How do you secure your server box

[sg313]

I am running a server on gentoo (for severaly years now, I am quite happy with it), and was wondering how you guys secure your boxes? What I do at the moment is

• hardened kernel without module loading support
  
• keeping the open ports to a minimum (only ssh/http/https) using iptables

In particular does it make sense to use something like a virus scanner?

[Gentoo64]

The virus scanner should only be for scanning Windows viruses if you will transfer files to Windows computers.

I think as you're running hardened etc (make sure you use the hardened toolchain as well) and minimal services you should be ok as long as the services are setup securely themselves. Make sure ssh has decent password with some sort of rate limiting, or maybe use key only auth if it's not inconvenient.
You could have a go with RBAC if you haven't already as that will turn root into a pretty limited user- I found it much easier to setup and work with than selinux, and it can be very powerful.

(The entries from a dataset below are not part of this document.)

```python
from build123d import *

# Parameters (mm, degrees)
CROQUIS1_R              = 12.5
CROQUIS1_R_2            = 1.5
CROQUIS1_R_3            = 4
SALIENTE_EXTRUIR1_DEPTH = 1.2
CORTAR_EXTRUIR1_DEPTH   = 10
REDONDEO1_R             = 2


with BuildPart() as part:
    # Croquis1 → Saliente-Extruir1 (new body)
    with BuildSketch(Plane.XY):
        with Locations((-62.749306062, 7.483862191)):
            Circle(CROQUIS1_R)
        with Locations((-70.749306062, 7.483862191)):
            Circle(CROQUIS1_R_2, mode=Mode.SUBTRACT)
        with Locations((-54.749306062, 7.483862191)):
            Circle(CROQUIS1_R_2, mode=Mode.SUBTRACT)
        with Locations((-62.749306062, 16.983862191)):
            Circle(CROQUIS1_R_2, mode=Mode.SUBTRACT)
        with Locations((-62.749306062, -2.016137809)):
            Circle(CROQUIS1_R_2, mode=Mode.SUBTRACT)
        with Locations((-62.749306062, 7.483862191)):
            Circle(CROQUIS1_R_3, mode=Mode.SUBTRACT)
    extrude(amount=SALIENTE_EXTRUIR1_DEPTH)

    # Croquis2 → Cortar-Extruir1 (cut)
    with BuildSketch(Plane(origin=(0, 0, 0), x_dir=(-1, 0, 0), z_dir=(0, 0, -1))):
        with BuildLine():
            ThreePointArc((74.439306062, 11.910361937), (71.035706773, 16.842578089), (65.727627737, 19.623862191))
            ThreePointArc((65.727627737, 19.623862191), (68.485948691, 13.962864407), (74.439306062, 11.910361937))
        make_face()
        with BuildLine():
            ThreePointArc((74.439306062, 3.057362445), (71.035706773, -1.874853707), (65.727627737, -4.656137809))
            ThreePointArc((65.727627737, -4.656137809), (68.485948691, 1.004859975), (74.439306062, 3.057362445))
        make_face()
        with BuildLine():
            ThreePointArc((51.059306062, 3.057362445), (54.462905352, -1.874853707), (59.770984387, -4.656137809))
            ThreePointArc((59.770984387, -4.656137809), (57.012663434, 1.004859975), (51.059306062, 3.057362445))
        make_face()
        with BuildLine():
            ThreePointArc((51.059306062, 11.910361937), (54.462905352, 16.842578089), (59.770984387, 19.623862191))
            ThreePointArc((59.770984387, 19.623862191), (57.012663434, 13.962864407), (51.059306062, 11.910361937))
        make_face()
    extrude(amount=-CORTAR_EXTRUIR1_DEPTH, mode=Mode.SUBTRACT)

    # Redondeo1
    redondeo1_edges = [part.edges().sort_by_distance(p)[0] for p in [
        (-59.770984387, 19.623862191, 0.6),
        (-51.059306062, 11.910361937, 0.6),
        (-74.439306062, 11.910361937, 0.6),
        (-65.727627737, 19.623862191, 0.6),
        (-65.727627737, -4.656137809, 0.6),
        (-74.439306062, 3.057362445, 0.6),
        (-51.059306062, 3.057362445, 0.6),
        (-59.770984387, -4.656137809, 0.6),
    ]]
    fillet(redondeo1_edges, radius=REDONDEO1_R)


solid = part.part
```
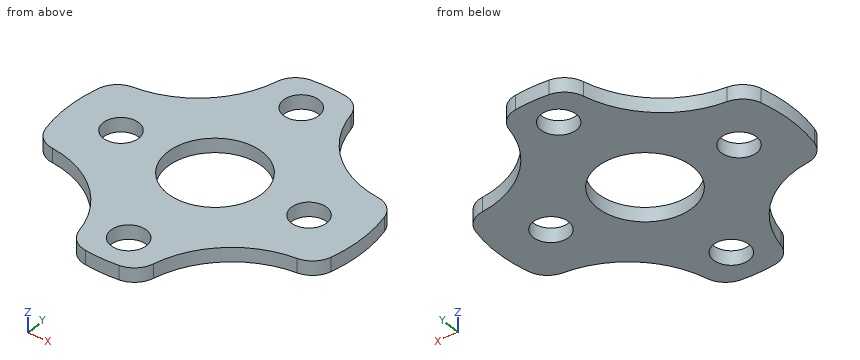
Check sheet for the modelled part. Datum: model origin and axes. Units: mm. Give positions to 0.01 mm unless a question says otherwise; leave off trailing zeros. Order: outer loops, then holes, each group sorted by start corner. A loop starts at its lowest first (then second) coordinate and runs counter-clockwise, first axis right, second up. Notation, with made-up numbers: (81, -16) -> (85, -16) arc R6 ccw to (85, -8) -> close; hole circle Ø1 at (1, -2.5). An arc over 180 degrees is marked (long way). Return JSON: item names as keys, results as strings.
1. Cross-section at C-C, the plane y = 6.5. Record the cut outline in (x, z).
From the geometry:
{"outline": "(-75.21, 0) -> (-71.88, 0) -> (-71.88, 1.2) -> (-75.21, 1.2) -> close; (-69.62, 0) -> (-66.63, 0) -> (-66.63, 1.2) -> (-69.62, 1.2) -> close; (-58.87, 0) -> (-55.88, 0) -> (-55.88, 1.2) -> (-58.87, 1.2) -> close; (-53.62, 0) -> (-50.29, 0) -> (-50.29, 1.2) -> (-53.62, 1.2) -> close"}
2. Cross-section at D-D, the plane x = -63. Record the cut outline in (y, z), plus the area to 3 significant figures.
From the geometry:
{"outline": "(-5.01, 0) -> (-3.5, 0) -> (-3.5, 1.2) -> (-5.01, 1.2) -> close; (-0.54, 0) -> (3.49, 0) -> (3.49, 1.2) -> (-0.54, 1.2) -> close; (11.48, 0) -> (15.5, 0) -> (15.5, 1.2) -> (11.48, 1.2) -> close; (18.46, 0) -> (19.98, 0) -> (19.98, 1.2) -> (18.46, 1.2) -> close", "area": "13.3 mm^2"}
3. Material ranges on probe 1 along X at (y, z) = (4.5, 1.1); probe 2 along Y at (x, z) = (-55.5, 0.5); probe 3 along Y at (x, z) = (-60.75, 1.05), recorded low to high. Write a range as [from, to].
From the geometry:
{"probe 1": "[-74.89, -65.41], [-60.09, -50.61]", "probe 2": "[2.07, 6.19], [8.78, 12.9]", "probe 3": "[-4.78, 4.02], [10.95, 19.75]"}
4. Cross-section at B-B, the plane x = -70.5. Record the cut outline in (y, z).
From the geometry:
{"outline": "(2.32, 0) -> (6, 0) -> (6, 1.2) -> (2.32, 1.2) -> close; (8.96, 0) -> (12.65, 0) -> (12.65, 1.2) -> (8.96, 1.2) -> close"}
5. Cross-section at A-A, the plane y = 10. Record the cut outline in (x, z).
From the geometry:
{"outline": "(-74.99, 0) -> (-65.86, 0) -> (-65.86, 1.2) -> (-74.99, 1.2) -> close; (-59.64, 0) -> (-50.51, 0) -> (-50.51, 1.2) -> (-59.64, 1.2) -> close"}
6. Go/stop test with a flat-tipped pin: P1, Ø7, axis at x = -62.75, y = 7.48, coming from the +Z side. Record where the tip stops, or that it passes through.
From the geometry:
{"P1": "through"}
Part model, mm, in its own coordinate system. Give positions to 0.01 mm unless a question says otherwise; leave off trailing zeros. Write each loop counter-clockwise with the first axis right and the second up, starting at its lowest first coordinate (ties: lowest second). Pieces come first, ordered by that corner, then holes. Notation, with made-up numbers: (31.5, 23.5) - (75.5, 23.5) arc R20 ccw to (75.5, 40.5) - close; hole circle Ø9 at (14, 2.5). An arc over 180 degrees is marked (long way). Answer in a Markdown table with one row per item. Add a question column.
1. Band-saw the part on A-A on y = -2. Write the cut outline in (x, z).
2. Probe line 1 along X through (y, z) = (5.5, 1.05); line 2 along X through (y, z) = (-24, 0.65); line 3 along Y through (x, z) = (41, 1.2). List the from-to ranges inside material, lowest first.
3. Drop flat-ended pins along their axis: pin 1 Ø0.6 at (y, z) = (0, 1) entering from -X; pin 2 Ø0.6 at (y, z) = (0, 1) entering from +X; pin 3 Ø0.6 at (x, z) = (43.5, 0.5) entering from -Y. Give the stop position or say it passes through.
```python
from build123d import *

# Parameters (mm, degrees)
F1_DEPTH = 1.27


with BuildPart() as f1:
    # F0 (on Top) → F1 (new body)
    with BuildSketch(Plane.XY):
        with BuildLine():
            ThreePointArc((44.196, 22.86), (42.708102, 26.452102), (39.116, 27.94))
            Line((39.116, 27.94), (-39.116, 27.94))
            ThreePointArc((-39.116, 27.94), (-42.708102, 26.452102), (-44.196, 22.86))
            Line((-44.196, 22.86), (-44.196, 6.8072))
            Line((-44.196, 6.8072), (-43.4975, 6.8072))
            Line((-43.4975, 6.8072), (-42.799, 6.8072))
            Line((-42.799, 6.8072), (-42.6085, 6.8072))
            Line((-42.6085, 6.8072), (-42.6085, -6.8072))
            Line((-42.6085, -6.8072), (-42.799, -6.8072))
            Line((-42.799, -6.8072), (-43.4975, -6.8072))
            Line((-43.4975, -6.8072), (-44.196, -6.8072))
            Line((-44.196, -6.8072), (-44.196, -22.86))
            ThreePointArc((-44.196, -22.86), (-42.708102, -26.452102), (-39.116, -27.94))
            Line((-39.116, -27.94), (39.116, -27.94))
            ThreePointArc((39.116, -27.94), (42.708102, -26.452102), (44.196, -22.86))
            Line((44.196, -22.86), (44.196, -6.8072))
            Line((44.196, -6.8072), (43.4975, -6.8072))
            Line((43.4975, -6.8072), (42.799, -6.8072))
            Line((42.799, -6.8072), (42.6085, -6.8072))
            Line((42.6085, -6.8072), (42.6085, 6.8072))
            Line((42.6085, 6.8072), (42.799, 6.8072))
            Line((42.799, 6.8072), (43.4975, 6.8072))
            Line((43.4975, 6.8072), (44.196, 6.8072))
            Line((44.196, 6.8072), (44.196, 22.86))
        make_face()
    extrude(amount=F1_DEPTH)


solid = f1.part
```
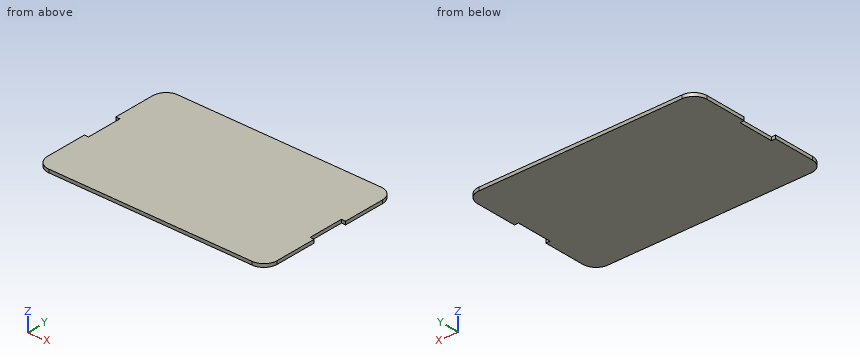
Values:
| question | item | result |
|---|---|---|
| 1 | outline | (-42.61, 0) - (42.61, 0) - (42.61, 1.27) - (-42.61, 1.27) - close |
| 2 | line 1 | x = -42.61 to 42.61 |
| 2 | line 2 | x = -44.07 to 44.07 |
| 2 | line 3 | y = -27.58 to 27.58 |
| 3 | pin 1 | stops at x = -42.61 |
| 3 | pin 2 | stops at x = 42.61 |
| 3 | pin 3 | stops at y = -25.88 |

Keep the system up to date... not really sure what else to suggest :s

[tel]

Mine might be a bit of an overkill, but it's all automated, so what the heck.

1. No root login on ssh
2. Strong passwords
3. Non-standard ssh ports (debatable method)
4. I use fail2ban to limit ssh attempts
5. ClamAV as an antivirus, as my server also backs up local Windows machines
6. Daily chkrootkit with daily output emailed to me
7. Limited permissions for all my users
8. Daily email of all ssh attempted and actual logins

I don't use:
1. Key authentication for ssh, because users may log in from a variety of different machines
2. Local encryption, because if someone breaks in and steals stuff, I've got other things to worry about

[sg313]

Thanks for the replies, since I am not handling email or windows user data, I will not install a virus scanner. I've set up chkrootkit and denyhosts. My ssh system already forbid root login, but I have to check the password strength for the user accounts somehow (at least those which can su).

I've also skimmed the grsecurity and RBAC howto on gentoo, but I'll leave it for the weekend

[Hu]

Analyzing the password strength for users who are permitted to run /bin/su is a good step, but you should be aware that even users who cannot su to root can still run setuid binaries. Certain bugs can permit a malicious user to step up to the privileges of any setuid binary that he can execute. As far as I know, there are no publicly known unfixed bugs of this type in the latest kernels, but that is one more vector you should consider. Therefore, you should verify security on all users with login rights, even ones who are only guests on the system. Ideally, use the sshd Match directives to grant password-based login only to those users who cannot or will not use key-only login.

[cach0rr0]

[sg313]

Thanks again, I looked at the tutorial, and will see what I can implement on the box!